Registered instrument:
Bonds that require the interest and maturity payments to be
made to specific owners.
Reinvested earnings: see retained earnings.
Relevance:
The capability of information to make difference to the decision
maker.
Reliability:
The quality of information that assures decision makers that
the information captures the conditions or events it purports
to represent.
Replacement cost:
The cost at which and inventory item could be acquired today.
Report format:
A classified balance sheet with assets.
Represtational faithfulness: see validity.
Reserve:
Has one of the three meanings (1)a restriction of dividend
declaring power as denoted by a specific subdivision of retained
income,(2)an offset to an asset, or (3)an estimate of a definite
liability of indefinite or uncertain amount.
Reserve for doubtful accounts: see allowance for uncollectible
accounts.
Residual value:
The amount received from disposal of a long lived asset at
the end of its useful life.
Restricted retained income:
A part of retained income that may not be reduced by dividend
declarations.
Result of operations: see statement if income.
Retail method: see retail inventory method.
Retail inventory method:
A popular inventory costing method based on sales prices,
often used as a control device and for obtaining an inventory
calculation for the financial purposes.
Retailer:
A company that sells items directly to the final users, individuals
.
Retained earnings:
A synonym for retained income.
Retained income:
Additional owners` equity generated by income or profits.
Returned on sales ration:
Net income divided by sales.
Return on stockholder’s equity ratio.
Net income divided by invested capital(measured by average
stockholders equity).
Return on total assets (ROA)
Income before interest expense divided by average total assets.
Revaluation equity:
A part of stockholders equity that includes all holdings gains
that are excluded from income.
Revenues:
Gross increases in owner’s equity arising from increases
in assets received in exchange for the delivery of goods or
services to customers.
Reversing entries:
Entries that switch back all debits and credits made in a
related preceding adjusting entry.
Sales: a synonym for revenues.
Sales allowance:
Reduction of the selling price (the original price previously
agreed upon).
Sales returns:
Products returned by the customer.
Sales revenues: see sales.
Salvage value: see residual value.
Scrap value: see residual value.
Securities and Exchange Commission (SEC)
The agency designated by the U.S congress to hold the ultimate
responsibility for authorizing the generally accepted accounting
principles for companies’ whose stock is held by the
general investing public.
Series:
Different groups of preferred shares issued at different times
with different features.
Shareholders equity: see stockholders equity.
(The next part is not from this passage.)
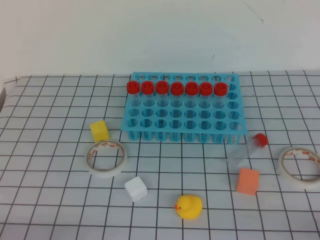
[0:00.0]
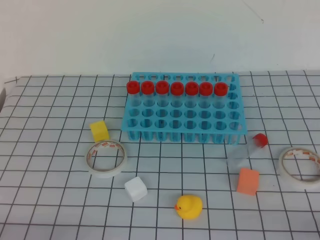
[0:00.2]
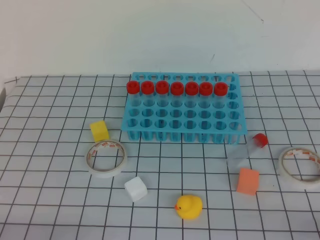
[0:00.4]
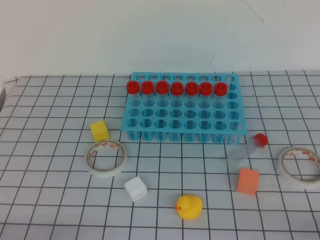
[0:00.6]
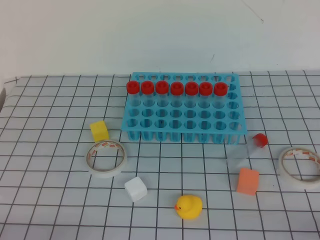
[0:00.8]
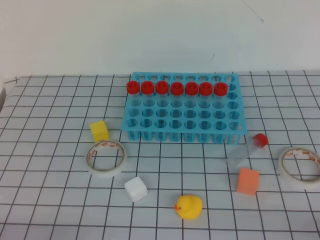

Short term debt securities:
Largely notes and bonds with maturities of one year or less.
Short term equity securities:
Capital stock in other corporations held with the intention
to liquidate with in one year as needed.
Short term investment :
A temporary investment in marketable securities of otherwise
idle cash.
Short term liquidity:
An organization’s ability to meet current payments as
they become due.
Simple entry
An entry for a transaction that affects only two accounts.
Simple interest
For any period, intrest rate multiplied by an unchanging principal
amount.
Single step income statement
An income statement that groups all revenues together and
then lists and deducts all expenses together without drawing
any intermediate subtotals
Sinking fund
Cash or securities segregated for meeting obligations on bonded
debt.
Sinking fund bonds
Bonds with indentures that require the issuer to male annual
payments to a sinking fund.
Sole proprietorship
A separate organization with a single owner.